High points of the discussion:

  • Your Successful Farm Business dives into the people, the marketing, the time and motion studies, and the nitty gritty about how to think like a business person.
  • Marketing is morphing rapidly, especially logistics.
  • There’s a lot of “disturbed ground” between the farmer and how stuff gets to the customer.
  • Is Amazon acquiring Whole Foods good? Who eats the price cut of this downward price pressure?
  • The take on relationship marketing.
  • Build it and they will come is a fantasy. You’ve got to grab ‘em.
  • Earn Trust = Conviction + Consistency + Communication.
  • Joel’s take on the biggest bottleneck: Processing or marketing?
  • Speaking of pastured poultry processing, “How do we message living food and the whole story of helpful bacteria?”
  • Moldy cheese is cool. But bacteria on a chicken is somehow different.
  • The processing regulatory climate is tough for very small plants and most farmers or consumers don’t have any insight into it.

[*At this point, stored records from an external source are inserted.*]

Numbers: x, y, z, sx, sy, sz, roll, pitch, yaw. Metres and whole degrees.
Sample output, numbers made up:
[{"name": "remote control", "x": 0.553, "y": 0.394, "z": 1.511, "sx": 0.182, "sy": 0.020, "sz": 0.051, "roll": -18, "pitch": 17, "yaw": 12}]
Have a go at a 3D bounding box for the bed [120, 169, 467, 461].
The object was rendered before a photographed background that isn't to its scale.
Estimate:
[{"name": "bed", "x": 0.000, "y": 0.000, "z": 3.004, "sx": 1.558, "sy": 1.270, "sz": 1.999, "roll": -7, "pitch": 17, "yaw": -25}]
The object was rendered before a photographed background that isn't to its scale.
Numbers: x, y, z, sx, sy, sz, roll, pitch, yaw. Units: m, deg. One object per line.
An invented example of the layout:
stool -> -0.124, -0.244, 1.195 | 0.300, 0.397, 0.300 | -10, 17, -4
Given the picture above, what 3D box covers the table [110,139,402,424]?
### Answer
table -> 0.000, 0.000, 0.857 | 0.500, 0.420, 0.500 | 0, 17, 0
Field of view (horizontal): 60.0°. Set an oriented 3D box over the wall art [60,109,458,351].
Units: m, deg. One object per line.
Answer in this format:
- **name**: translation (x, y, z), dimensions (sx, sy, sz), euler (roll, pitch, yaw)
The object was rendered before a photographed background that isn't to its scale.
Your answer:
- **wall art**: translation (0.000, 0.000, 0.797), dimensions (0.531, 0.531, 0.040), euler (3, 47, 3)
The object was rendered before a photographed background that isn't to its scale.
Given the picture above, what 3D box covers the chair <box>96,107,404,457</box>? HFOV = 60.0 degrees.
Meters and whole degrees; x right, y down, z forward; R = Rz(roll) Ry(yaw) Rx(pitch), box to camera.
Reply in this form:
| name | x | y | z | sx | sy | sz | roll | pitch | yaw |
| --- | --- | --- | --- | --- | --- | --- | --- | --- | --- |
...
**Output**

  • What’s the reason for the high farm failure rate? Cash flow is one of the biggest issues. Pastured poultry brings cash flow as an asset, but seasonality is a challenge.
  • People have fantasy expectations about farming. Your Successful Farm Business sets realistic expectations and helps you operate from a position of reality.
  • Unrealistic expectations turn bumps in the road into bigger issues than they are.
  • Need to develop mastery through repetition and nuance.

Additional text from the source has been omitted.